Endlich ein innovativer Ansatz, der auch auf andere Lebenslagen übertragbar ist.

Theater- und Konzertveranstalter könnten Besucher dafür entschädigen, dass sie während der Darbietungen nicht telefonieren. Mit uneingeschränktem Kunstgenuss zum Beispiel. Den gibt es auch für den Verzicht aufs SMS-Schreiben und dafür, dass sie das Handy während der Darbietung auf lautlos stellen.

Eine andere App könnte junge Eltern dazu animieren, am Spielplatz ihre Aufmerksamkeit den eigenen Kindern zu schenken. Und nicht den WhatsApp- und Facebook-Freunden.

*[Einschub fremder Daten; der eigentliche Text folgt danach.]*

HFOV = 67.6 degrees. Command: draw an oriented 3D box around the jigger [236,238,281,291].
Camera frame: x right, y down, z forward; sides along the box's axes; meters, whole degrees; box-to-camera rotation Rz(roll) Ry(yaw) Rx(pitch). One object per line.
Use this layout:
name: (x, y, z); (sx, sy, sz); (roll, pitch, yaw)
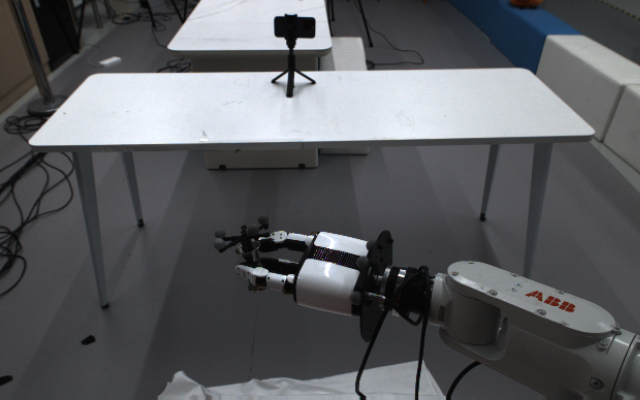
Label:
jigger: (-0.100, 0.102, 0.749); (0.043, 0.071, 0.043); (-14, 22, 6)

Als Belohnung winkt nicht nur ein fröhlich lachendes Kind, sondern auch eine intakte Eltern-Kind-Beziehung.

Und in der Urlaubszeit könnten Tourismusverbände mit einer Echt-Erlebens-App Besucher vom dauernden Selfie-Knipsen abhalten, indem sie ihnen das ultimative authentische Erleben und die Gewissheit versprechen, auch wirklich am fotografierten Ort gewesen zu sein.